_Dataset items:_
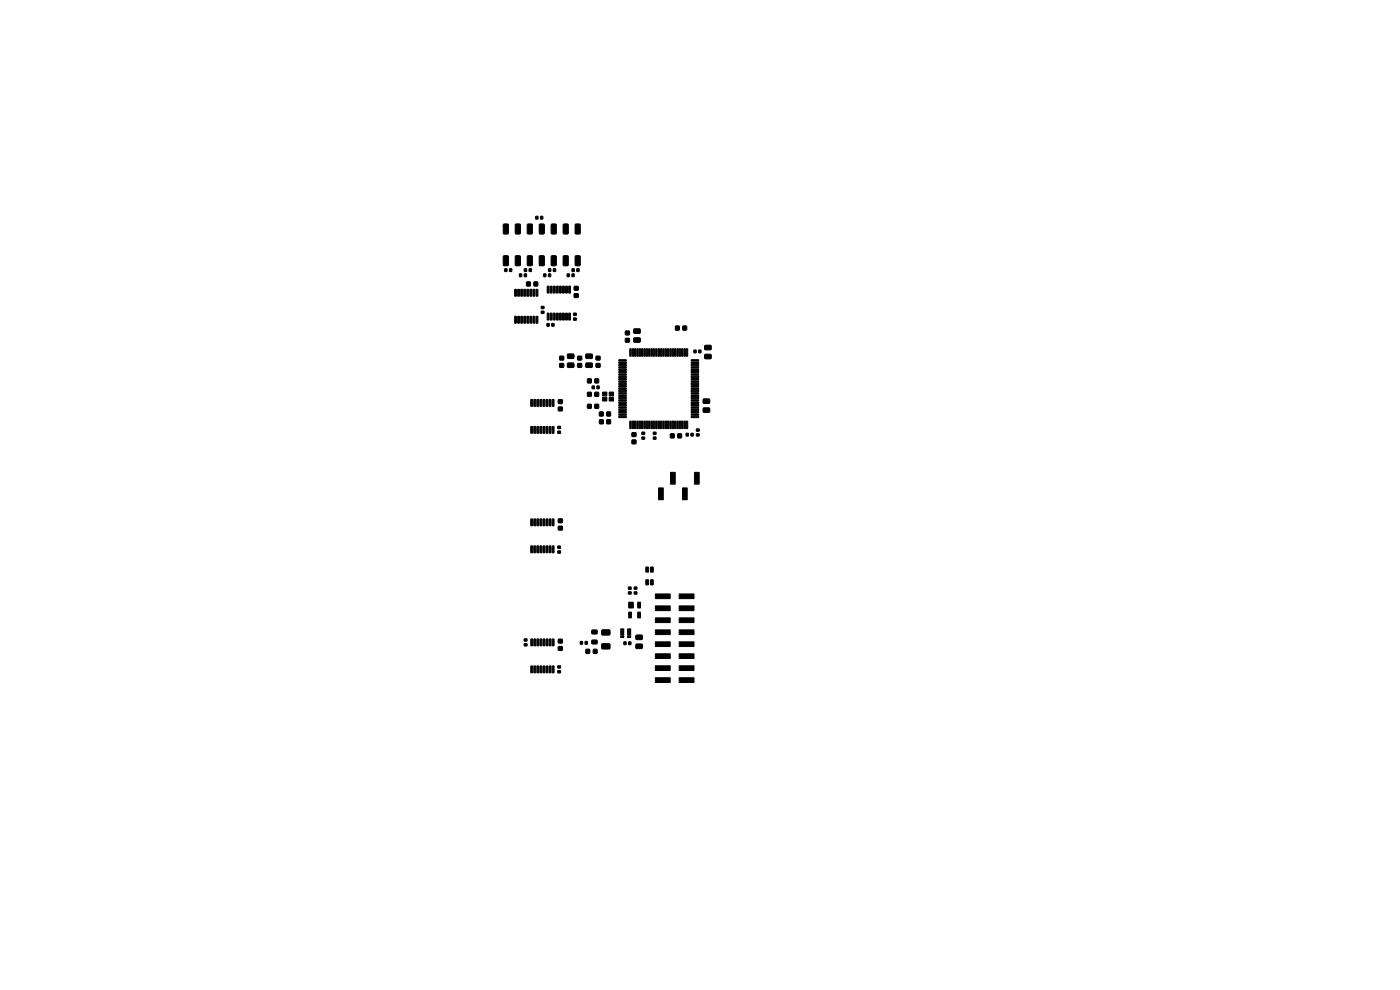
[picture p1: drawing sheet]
<svg xmlns="http://www.w3.org/2000/svg" width="297mm" height="210mm" viewBox="0 0 297 210" stroke-linecap="round" stroke-linejoin="round" font-family="sans-serif">
<g fill="#000" stroke="#000" stroke-width=".21">
<path d="M107.1 57h.4v.6h-.4zM106.8 47.6l.8-.1 .3 .2v1.7l-.2 .2-.7 .1-.2-.2zM106.8 54.3l.8-.1 .3 .2v1.7l-.2 .3h-.7l-.2-.2zM108.1 57h.5v.6h-.5zM109.4 47.6l.8-.1 .2 .2v1.7l-.1 .2-.8 .1-.2-.2zM109.4 54.3l.8-.1 .2 .2v1.7l-.1 .3h-.8l-.2-.2zM110.2 58.1h.5v.6h-.5zM111.2 58.1h.5v.6h-.5zM111.2 57h.5v.6h-.5zM111.9 47.6l.8-.1 .2 .2 .1 1.7-.2 .2-.7 .1-.2-.2zM111.9 54.3l.8-.1 .2 .2 .1 1.7-.2 .3h-.7l-.2-.2zM112.3 57h.4v.6h-.4z"/>
<path d="M113.7 45.9h.4v.6h-.4zM114.7 45.9h.4v.6h-.4zM114.4 47.6l.8-.1 .3 .2v1.7l-.2 .2-.7 .1-.2-.2zM114.4 54.3l.8-.1 .3 .2v1.7l-.2 .3h-.7l-.2-.2zM115.3 58.1h.5v.6h-.5zM116.4 58.1h.4v.6h-.4zM116.4 57h.4v.6h-.4zM117 47.6l.8-.1 .2 .2v1.7l-.1 .2-.7 .1-.3-.2zM117 54.3l.8-.1 .2 .2v1.7l-.1 .3h-.7l-.3-.2zM117.4 57h.5v.6h-.5zM120.3 58.1h.5v.6h-.5zM119.5 47.6l.8-.1 .3 .2v1.7l-.2 .2-.7 .1-.2-.2z"/>
<path d="M119.5 54.3l.8-.1 .3 .2v1.7l-.2 .3h-.7l-.2-.2zM121.3 58.1h.5v.6h-.5zM121.4 57h.4v.6h-.4zM122.1 47.6l.8-.1 .2 .2v1.7l-.1 .2-.8 .1-.2-.2zM122.1 54.3l.8-.1 .2 .2v1.7l-.1 .3h-.8l-.2-.2zM122.4 57h.4v.6h-.4zM109.2 67.1l.4 .1-.1 1.4-.3-.1zM109.2 61.4h.4l-.1 1.4h-.3zM109.8 67.1l.4 .1v1.4l-.4-.1zM109.8 61.4h.4v1.4h-.4zM110.5 67.1l.4 .1-.1 1.4-.3-.1zM110.5 61.4h.4l-.1 1.4h-.3z"/>
<path d="M111.1 67.1l.4 .1v1.4l-.4-.1zM111.1 61.4h.4v1.4h-.4zM111.8 67.1l.4 .1-.1 1.4-.3-.1zM111.8 61.4h.4l-.1 1.4h-.3zM112.4 67.1l.4 .1v1.4l-.4-.1zM112.4 61.4h.4v1.4h-.4zM111.7 59.8h.8v.8h-.8zM113.1 67.1l.4 .1-.1 1.4-.3-.1zM113.1 61.4h.4l-.1 1.4h-.3zM113.7 67.1l.4 .1v1.4l-.4-.1zM113.7 61.4h.4v1.4h-.4zM113.3 59.8h.7v.8h-.7z"/>
<path d="M114.8 65h.6v.5h-.6zM114.8 66h.6v.5h-.6zM116 68.6h.5v.6h-.5zM116.1 66.4l.4 .1-.1 1.4-.3-.1zM116.1 60.7l.4 .1-.1 1.4-.3-.1zM116.8 66.4l.3 .1v1.4l-.4-.1zM116.8 60.7l.3 .1v1.4l-.4-.1zM117.1 68.6h.4v.6h-.4zM117.4 66.4l.4 .1-.1 1.4-.3-.1zM117.4 60.7l.4 .1-.1 1.4-.3-.1zM118.1 66.4l.3 .1v1.4l-.4-.1zM118.1 60.7l.3 .1v1.4l-.4-.1z"/>
<path d="M118.7 66.4l.4 .1-.1 1.4-.3-.1zM118.7 60.7l.4 .1-.1 1.4-.3-.1zM118.7 77.1h.9v.8h-.9zM118.7 75.6h.9v.7h-.9zM119.4 66.4l.3 .1v1.4l-.4-.1zM119.4 60.7l.3 .1v1.4l-.4-.1zM120 66.4l.4 .1-.1 1.4-.3-.1zM120 60.7l.4 .1-.1 1.4-.3-.1zM120.4 77h1.2l.2 .2v.6l-.3 .2h-1l-.2-.3zM120.4 75.1h1.2l.2 .2v.6l-.3 .2h-1l-.2-.3zM120.7 66.4l.3 .1v1.4l-.4-.1zM120.7 60.7l.3 .1v1.4l-.4-.1z"/>
<path d="M121.7 66.4h.5v.5h-.5zM121.7 67.5h.5v.4h-.5zM121.8 60.8h.8v.7h-.8zM121.8 62.3h.8v.8h-.8zM122.6 77.1h.8v.8h-.8zM122.6 75.6h.8v.7h-.8zM124.3 77h1.2l.2 .2v.6l-.3 .2h-1l-.2-.3zM124.3 75.1h1.2l.2 .2v.6l-.3 .2h-1l-.2-.3zM126.5 77.1h.8v.8h-.8zM126.5 75.6h.8v.7h-.8zM131.3 79.8h1.5l.1 .2-1.5 .1zM131.3 79.3h1.5l.1 .2-1.5 .1z"/>
<path d="M131.3 78.8h1.5l.1 .2-1.5 .1zM131.3 78.3h1.5l.1 .2-1.5 .1zM131.3 77.8h1.5l.1 .2-1.5 .1zM131.3 77.3h1.5l.1 .2-1.5 .1zM131.3 76.8h1.5l.1 .2-1.5 .1zM131.3 76.3h1.5l.1 .2-1.5 .1zM132.7 70.2h.8v.8h-.8zM132.7 71.8h.8v.8h-.8zM133.6 74h.3l-.1 1.6-.2-.1zM134.1 74h.3l-.1 1.6-.2-.1zM134.6 74h.3l-.1 1.6-.2-.1zM135.1 74h.3l-.1 1.6-.2-.1z"/>
<path d="M135.6 74h.3l-.1 1.6-.2-.1zM134.5 69.8h1.2l.2 .2-.1 .6-.2 .1h-1l-.2-.2zM134.5 71.7h1.2l.2 .2-.1 .6-.2 .1h-1l-.2-.2zM136.1 74h.3l-.1 1.6-.2-.1zM136.6 74h.3l-.1 1.6-.2-.1zM137.1 74h.3l-.1 1.6-.2-.1zM137.6 74h.3l-.1 1.6-.2-.1zM138.1 74h.3l-.1 1.6-.2-.1zM138.6 74h.3l-.1 1.6-.2-.1zM139.1 74h.3l-.1 1.6-.2-.1zM139.6 74h.3l-.1 1.6-.2-.1zM140.1 74h.3l-.1 1.6-.2-.1z"/>
<path d="M140.6 74h.3l-.1 1.6-.2-.1zM141.1 74h.3l-.1 1.6-.2-.1zM141.6 74h.3l-.1 1.6-.2-.1zM142.1 74h.3l-.1 1.6-.2-.1zM142.6 74h.3l-.1 1.6-.2-.1zM143.1 74h.3l-.1 1.6-.2-.1zM143.6 74h.3l-.1 1.6-.2-.1zM144.1 74h.3l-.1 1.6-.2-.1zM143.3 69.2h.8v.8h-.8zM144.6 74h.3l-.1 1.6-.2-.1zM145.1 74h.3l-.1 1.6-.2-.1zM145.6 74h.3l-.1 1.6-.2-.1z"/>
<path d="M144.9 69.2h.7v.8h-.7zM146.6 76.3h1.6v.2l-1.5 .1zM146.6 76.8h1.6v.2l-1.5 .1zM146.6 77.3h1.6v.2l-1.5 .1zM146.6 77.8h1.6v.2l-1.5 .1zM146.6 78.3h1.6v.2l-1.5 .1zM146.6 78.8h1.6v.2l-1.5 .1zM146.6 79.3h1.6v.2l-1.5 .1zM146.6 79.8h1.6v.2l-1.5 .1zM147.2 74.3h.5v.5h-.5zM148.2 74.3h.5v.5h-.5zM149.5 73.3l1.3-.1 .1 .3v.6l-.2 .1h-1.1l-.1-.2z"/>
<path d="M149.5 75.2l1.3-.1 .1 .3v.6l-.2 .1h-1.1l-.1-.2zM112.6 90.5h.4l-.1 1.4h-.3zM112.6 84.8h.4l-.1 1.4-.3-.1zM113.3 90.5h.3v1.4h-.4zM113.3 84.8h.3v1.4l-.4-.1zM113.9 90.5h.4l-.1 1.4h-.3zM113.9 84.8h.4l-.1 1.4-.3-.1zM114.6 90.5h.3v1.4h-.4zM114.6 84.8h.3v1.4l-.4-.1zM115.2 90.5h.4l-.1 1.4h-.3zM115.2 84.8h.4l-.1 1.4-.3-.1zM115.9 90.5h.3v1.4h-.4z"/>
<path d="M115.9 84.8h.3v1.4l-.4-.1zM116.5 90.5h.4l-.1 1.4h-.3zM116.5 84.8h.4l-.1 1.4-.3-.1zM117.2 90.5h.3v1.4h-.4zM117.2 84.8h.3v1.4l-.4-.1zM118.3 90.4h.6v.5h-.6zM118.3 91.5h.6v.4h-.6zM118.5 84.8h.8v.8h-.8zM118.5 86.4h.8v.7h-.8zM124.7 85.8h.7v.8h-.7zM124.7 80.4h.7v.8h-.7zM124.7 83.2h.7v.9h-.7z"/>
<path d="M125.6 81.9h.5v.5h-.5zM126.6 81.9h.5v.5h-.5zM126.2 85.8h.8v.8h-.8zM126.2 80.4h.8v.8h-.8zM126.2 83.2h.8v.9h-.8zM127.2 87.4h.8v.8h-.8zM127.2 89.1h.8v.8h-.8zM127.8 83.2h.9v.8h-.9zM127.8 84.3h.9v.8h-.9zM128.7 87.4h.8v.8h-.8zM128.7 89.1h.8v.8h-.8zM129.2 83.2h.9v.8h-.9z"/>
<path d="M129.2 84.3h.9v.8h-.9zM131.3 88.3h1.5l.1 .2-1.5 .1zM131.3 87.8h1.5l.1 .2-1.5 .1zM131.3 87.3h1.5l.1 .2-1.5 .1zM131.3 86.8h1.5l.1 .2-1.5 .1zM131.3 86.3h1.5l.1 .2-1.5 .1zM131.3 85.8h1.5l.1 .2-1.5 .1zM131.3 85.3h1.5l.1 .2-1.5 .1zM131.3 84.8h1.5l.1 .2-1.5 .1zM131.3 84.3h1.5l.1 .2-1.5 .1zM131.3 83.8h1.5l.1 .2-1.5 .1zM131.3 83.3h1.5l.1 .2-1.5 .1z"/>
<path d="M131.3 82.8h1.5l.1 .2-1.5 .1zM131.3 82.3h1.5l.1 .2-1.5 .1zM131.3 81.8h1.5l.1 .2-1.5 .1zM131.3 81.3h1.5l.1 .2-1.5 .1zM131.3 80.8h1.5l.1 .2-1.5 .1zM131.3 80.3h1.5l.1 .2-1.5 .1zM133.6 89.3l.3 .1-.1 1.5-.2-.1zM134.1 89.3l.3 .1-.1 1.5-.2-.1zM134.6 89.3l.3 .1-.1 1.5-.2-.1zM134.1 91.8h.8v.8h-.8zM134.1 93.4h.8v.7h-.8zM135.1 89.3l.3 .1-.1 1.5-.2-.1z"/>
<path d="M135.6 89.3l.3 .1-.1 1.5-.2-.1zM136.1 89.3l.3 .1-.1 1.5-.2-.1zM136.2 92.7h.5v.5h-.5zM136.2 91.7h.5v.4h-.5zM136.6 89.3l.3 .1-.1 1.5-.2-.1zM137.1 89.3l.3 .1-.1 1.5-.2-.1zM137.6 89.3l.3 .1-.1 1.5-.2-.1zM138.1 89.3l.3 .1-.1 1.5-.2-.1zM138.6 89.3l.3 .1-.1 1.5-.2-.1zM138.6 92.7h.6v.5h-.6zM138.6 91.7h.6v.4h-.6zM139.1 89.3l.3 .1-.1 1.5-.2-.1z"/>
<path d="M139.6 89.3l.3 .1-.1 1.5-.2-.1zM140.1 89.3l.3 .1-.1 1.5-.2-.1zM140.6 89.3l.3 .1-.1 1.5-.2-.1zM141.1 89.3l.3 .1-.1 1.5-.2-.1zM141.6 89.3l.3 .1-.1 1.5-.2-.1zM142.1 89.3l.3 .1-.1 1.5-.2-.1zM142.6 89.3l.3 .1-.1 1.5-.2-.1zM142.2 92h.8v.9h-.8zM143.1 89.3l.3 .1-.1 1.5-.2-.1zM143.6 89.3l.3 .1-.1 1.5-.2-.1zM144.1 89.3l.3 .1-.1 1.5-.2-.1zM144.6 89.3l.3 .1-.1 1.5-.2-.1z"/>
<path d="M143.8 92h.8v.9h-.8zM145.1 89.3l.3 .1-.1 1.5-.2-.1zM145.6 91.9h.4v.6h-.4zM145.6 89.3l.3 .1-.1 1.5-.2-.1zM146.6 91.9h.4v.6h-.4zM146.6 80.3h1.6v.2l-1.5 .1zM146.6 80.8h1.6v.2l-1.5 .1zM146.6 81.3h1.6v.2l-1.5 .1zM146.6 81.8h1.6v.2l-1.5 .1zM146.6 82.3h1.6v.2l-1.5 .1zM146.6 82.8h1.6v.2l-1.5 .1zM146.6 83.3h1.6v.2l-1.5 .1z"/>
<path d="M146.6 83.8h1.6v.2l-1.5 .1zM146.6 84.3h1.6v.2l-1.5 .1zM146.6 84.8h1.6v.2l-1.5 .1zM146.6 85.3h1.6v.2l-1.5 .1zM146.6 85.8h1.6v.2l-1.5 .1zM146.6 86.3h1.6v.2l-1.5 .1zM146.6 86.8h1.6v.2l-1.5 .1zM146.6 87.3h1.6v.2l-1.5 .1zM146.6 87.8h1.6v.2l-1.5 .1zM146.6 88.3h1.6v.2l-1.5 .1zM147.8 91h.5v.5h-.5zM147.8 92h.5v.5h-.5z"/>
<path d="M149.2 84.7l1.2-.1 .2 .2v.6l-.3 .2h-1l-.2-.3zM149.2 86.6l1.2-.1 .2 .2v.6l-.3 .2h-1l-.2-.3zM112.6 115.8l.4 .1-.1 1.4-.3-.1zM112.6 110.1h.4l-.1 1.4h-.3zM113.3 115.8l.3 .1v1.4l-.4-.1zM113.3 110.1h.3v1.4h-.4zM113.9 115.8l.4 .1-.1 1.4-.3-.1zM113.9 110.1h.4l-.1 1.4h-.3zM114.6 115.8l.3 .1v1.4l-.4-.1zM114.6 110.1h.3v1.4h-.4zM115.2 115.8l.4 .1-.1 1.4-.3-.1zM115.2 110.1h.4l-.1 1.4h-.3z"/>
<path d="M115.9 115.8l.3 .1v1.4l-.4-.1zM115.9 110.1h.3v1.4h-.4zM116.5 115.8l.4 .1-.1 1.4-.3-.1zM116.5 110.1h.4l-.1 1.4h-.3zM117.2 115.8l.3 .1v1.4l-.4-.1zM117.2 110.1h.3v1.4h-.4zM118.3 115.8h.6v.5h-.6zM118.3 116.9h.6v.4h-.6zM118.5 110.1h.8v.8h-.8zM118.5 111.6h.8v.8h-.8zM139.7 103.5h1v2.5h-1zM142.2 100.2h1v2.5h-1z"/>
<path d="M144.8 103.5h1v2.5h-1zM147.3 100.2h1v2.5h-1zM111.2 135.5h.6v.5h-.6zM111.2 136.6h.6v.4h-.6zM112.6 135.6h.4l-.1 1.4-.3-.1zM113.3 135.6h.3v1.4l-.3-.1zM113.9 135.6h.4l-.1 1.4-.3-.1zM114.6 135.6h.3v1.4l-.3-.1zM115.2 135.6h.4l-.1 1.4-.3-.1zM115.9 135.6h.3v1.4l-.3-.1zM116.5 135.6h.4l-.1 1.4-.3-.1zM117.2 135.6h.3v1.4l-.3-.1z"/>
<path d="M118.5 135.6h.8v.8h-.8zM118.5 137.2h.8v.7h-.8zM123.1 136.1h.5v.5h-.5zM124.1 136.1h.5v.5h-.5zM124.3 137.8h.8v.8h-.8zM125.6 133.7l1-.1 .1 .8-.2 .1h-.9l-.1-.2zM125.6 135.8h1l.1 .7-.2 .1h-.9l-.1-.2zM125.9 137.8h.7v.8h-.7zM127.7 133.7l1.6-.1 .1 .2v.8l-.2 .1h-1.4l-.2-.2zM127.7 136.6h1.6l.1 .2v.7l-.2 .2h-1.4l-.2-.3zM131.7 134.9h.6v.3h-.6zM131.7 134.4h.6v.3h-.6z"/>
<path d="M131.7 133.9h.6v.3h-.6zM131.7 133.4h.6v.3h-.6zM132.4 136.2h.4v.5h-.4zM133.1 133.4h.7v.3h-.7zM133.1 133.9h.7v.3h-.7zM133.1 134.4h.7v.3h-.7zM133.1 134.9h.7v.3h-.7zM133.3 125.6h.6v.4h-.6zM133.3 124.5h.6v.5h-.6zM133.4 136.2h.4v.5h-.4zM133.4 129.9h.5v1.2l-.5-.1zM133.4 127.8h.9v1.1h-.9z"/>
<path d="M134.5 125.6h.6v.4h-.6zM134.5 124.5h.6v.5h-.6zM135.3 127.8h.6l-.1 1.2-.5-.1zM135.3 129.9h.6l-.1 1.2-.5-.1zM134.9 134.8l1.3-.1 .1 .2v.6l-.2 .2h-1.1l-.1-.3zM134.9 136.7l1.3-.1 .1 .2v.6l-.2 .2h-1.1l-.1-.3zM137 120.3h.6l-.1 1.1-.5-.1zM137 123h.6l-.1 1.1-.5-.1zM138 123h.6l-.1 1.1-.5-.1zM138 120.3h.6l-.1 1.1-.5-.1zM139 138.7h3.2v1h-3.2zM139 136.2h3.2v1h-3.2z"/>
<path d="M139 133.6h3.2v1h-3.2zM139 131.1h3.2v1h-3.2zM139 128.5h3.2v1h-3.2zM139 126h3.2v1h-3.2zM144.1 138.7h3.1v1h-3.1zM144.1 136.2h3.1v1h-3.1zM144.1 133.6h3.1v1h-3.1zM144.1 131.1h3.1v1h-3.1zM144.1 128.5h3.1v1h-3.1zM144.1 126h3.1v1h-3.1zM112.6 141.3h.4l-.1 1.4h-.3zM113.3 141.3h.3v1.4h-.3z"/>
<path d="M113.9 141.3h.4l-.1 1.4h-.3zM114.6 141.3h.3v1.4h-.3zM115.2 141.3h.4l-.1 1.4h-.3zM115.9 141.3h.3v1.4h-.3zM116.5 141.3h.4l-.1 1.4h-.3zM117.2 141.3h.3v1.4h-.3zM118.3 141.2h.6v.5h-.6zM118.3 142.3h.6v.4h-.6zM139 143.8h3.2v1h-3.2zM139 141.2h3.2v1h-3.2zM144.1 143.8h3.1v1h-3.1zM144.1 141.2h3.1v1h-3.1z"/>
</g>
</svg>

_EXERCISE DESCRIPTION:_ Using the records above, restate word for word the lines from the one with "67.1l.4 .1v1.4l-.4-.1zM111.1 61.4h.4v1.4h-.4zM111.8" through the one with "65h.6v.5h-.6zM114.8 66h.6v.5h-.6zM116 68.6h.5v.6h-.5zM116.1", both included.

_REPLY:_
<path d="M111.1 67.1l.4 .1v1.4l-.4-.1zM111.1 61.4h.4v1.4h-.4zM111.8 67.1l.4 .1-.1 1.4-.3-.1zM111.8 61.4h.4l-.1 1.4h-.3zM112.4 67.1l.4 .1v1.4l-.4-.1zM112.4 61.4h.4v1.4h-.4zM111.7 59.8h.8v.8h-.8zM113.1 67.1l.4 .1-.1 1.4-.3-.1zM113.1 61.4h.4l-.1 1.4h-.3zM113.7 67.1l.4 .1v1.4l-.4-.1zM113.7 61.4h.4v1.4h-.4zM113.3 59.8h.7v.8h-.7z"/>
<path d="M114.8 65h.6v.5h-.6zM114.8 66h.6v.5h-.6zM116 68.6h.5v.6h-.5zM116.1 66.4l.4 .1-.1 1.4-.3-.1zM116.1 60.7l.4 .1-.1 1.4-.3-.1zM116.8 66.4l.3 .1v1.4l-.4-.1zM116.8 60.7l.3 .1v1.4l-.4-.1zM117.1 68.6h.4v.6h-.4zM117.4 66.4l.4 .1-.1 1.4-.3-.1zM117.4 60.7l.4 .1-.1 1.4-.3-.1zM118.1 66.4l.3 .1v1.4l-.4-.1zM118.1 60.7l.3 .1v1.4l-.4-.1z"/>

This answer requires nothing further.